Et puis tout s'arrête le bruit des sabots, le balancement régulier de la lanterne, les secousses, le silence de la nuit s'engouffre partout, par les interstices, la fenêtre. Je sens mes vêtements de laine, cette jupe épaisse à volant, ce chandail, peser sur mes épaules comme pèse la souffrance sur mon âme. Je m'empare de ma malle et sort, frappée par le vent, je remarque ensuite que je suis arrivée devant un immense bâtiment, une abbaye peut-être ? C'est mon collège, mon internat, à l'éducation stricte, et religieuse, ma nouvelle vie. Je ne peux empêcher les larmes de couler à nouveau sur mes joues creuses. La pluie se met à tomber, elle me soulage d'un poids, je ne peux l'expliquer, de grosses gouttes s'écrasent sur les dalles qui couvrent le sol, et sur moi en se mêlant à mes sanglots étouffés, j'ai l'impression que les dieux veulent m'aider dans cette épreuve, ils pleurent tous autant que moi.

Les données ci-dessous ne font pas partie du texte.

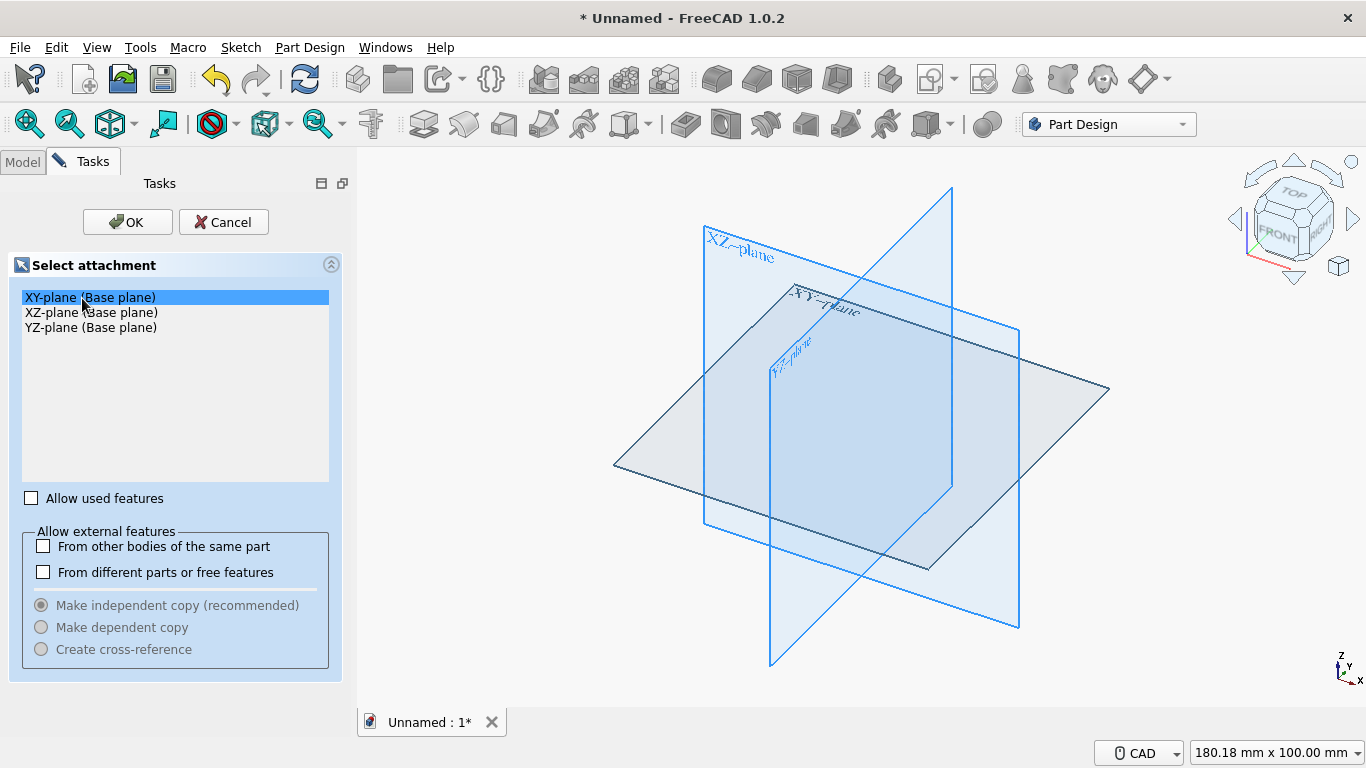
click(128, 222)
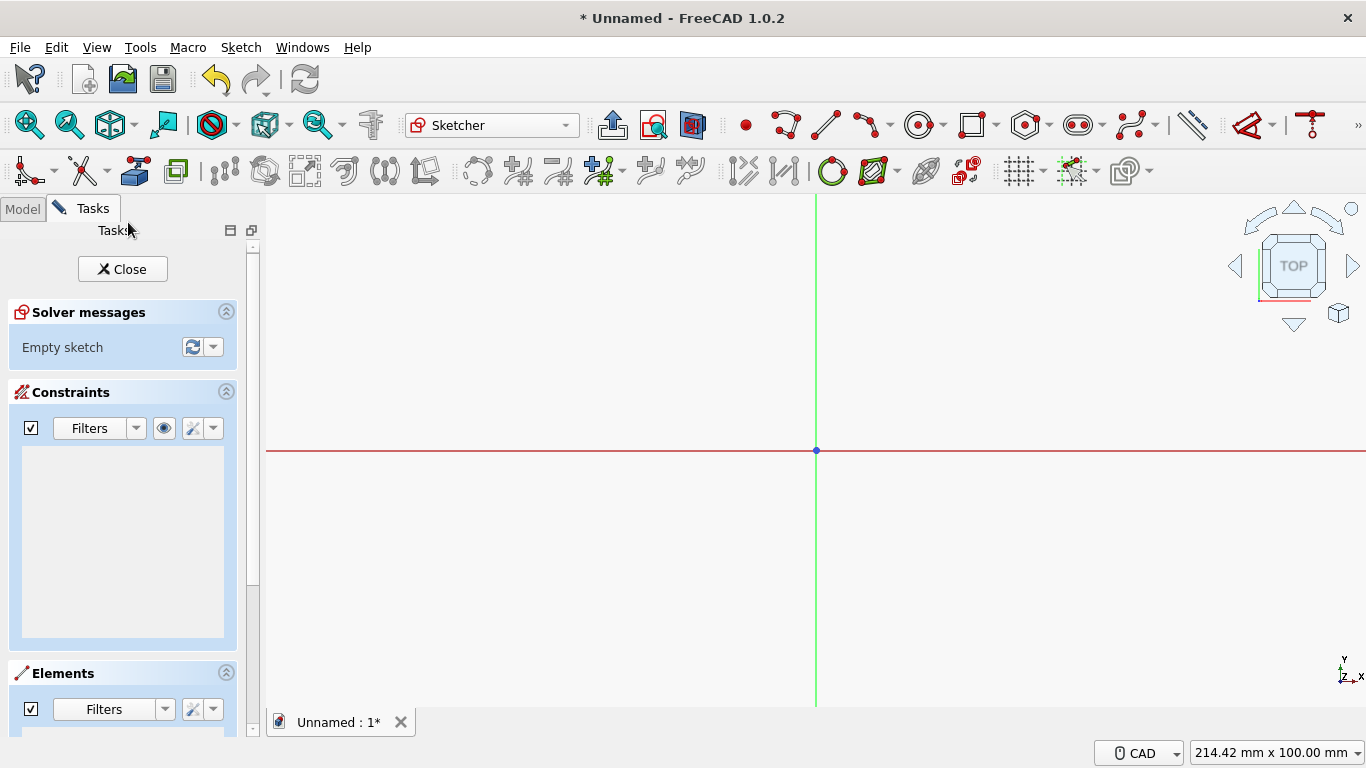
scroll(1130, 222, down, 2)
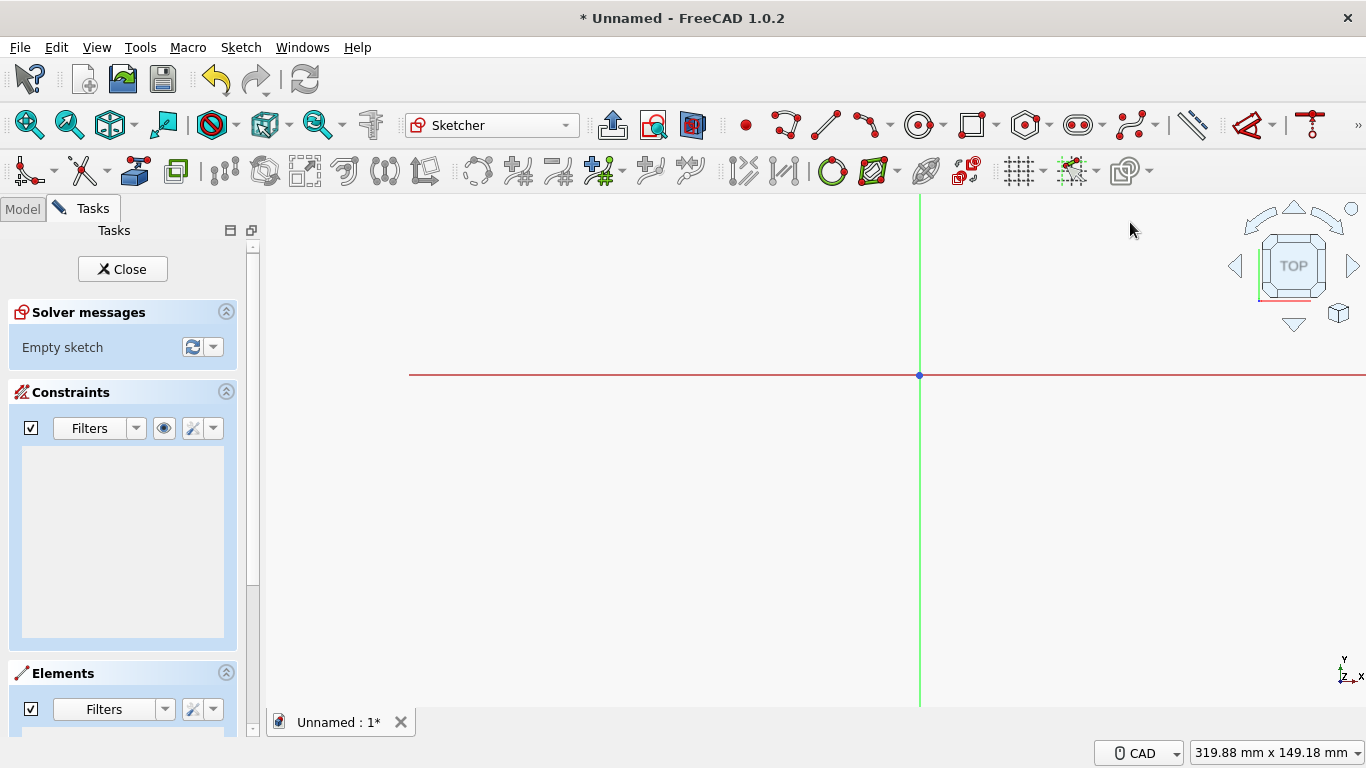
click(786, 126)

Je reste sous la pluie à attendre un signe, une invitation, rien. Le sort semble vouloir s'acharner sur moi, il me sépare de mes racines, il me laisse ensuite seul sous les larmes des dieux, suis-je maudite ?

Puis vint une none, traversant la cour en trottinant, se couvrant d'une épaisse cape de laine noir, elle m'attrape par le bras sans cérémonie, je la déteste, et m'entraîne je ne sais où au milieu de ce sinistre endroit. Je retombe dans mes pensées qui viennent d'entamer une valse, tournoyant jusqu'à me donner la nausée, dans mon cerveau déjà bien las de ces épreuves. La sœur me sort de mes réflexions en me poussant sur un lit. Je remarque que je suis dans une pièce sombre, avec un lavabo, une armoire qui tient debout par je ne sais quel chance, un lit en bois dur, et un miroir. Sans vraiment oublier la petite fenêtre qui ne laisse pénétrer qu'un infime rayon de lune. Je préférais ma demeure, avec ces fenêtres, cette chaleur dégagée de la cheminée, et ces embruns, ce souffle marins, cette magie des flots lors de grands vents. Je ne pourrais oublier les moments que j'ai passés là bas et je jure qu'un jour j'y retournerais.